• **ACTIVITY**: Each record below needs to be written out exactly as it appears.

(Dataset entries)
#####
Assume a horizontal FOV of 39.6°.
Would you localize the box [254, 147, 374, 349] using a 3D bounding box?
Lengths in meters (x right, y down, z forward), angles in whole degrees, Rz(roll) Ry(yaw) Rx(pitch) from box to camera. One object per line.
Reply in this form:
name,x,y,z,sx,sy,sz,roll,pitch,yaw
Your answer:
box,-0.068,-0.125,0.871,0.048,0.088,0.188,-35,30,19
#####
• **TASK SOLUTION**:
Assume a horizontal FOV of 39.6°.
Would you localize the box [254, 147, 374, 349] using a 3D bounding box?
Lengths in meters (x right, y down, z forward), angles in whole degrees, Rz(roll) Ry(yaw) Rx(pitch) from box to camera. One object per line.
Reply in this form:
name,x,y,z,sx,sy,sz,roll,pitch,yaw
Your answer:
box,-0.068,-0.125,0.871,0.048,0.088,0.188,-35,30,19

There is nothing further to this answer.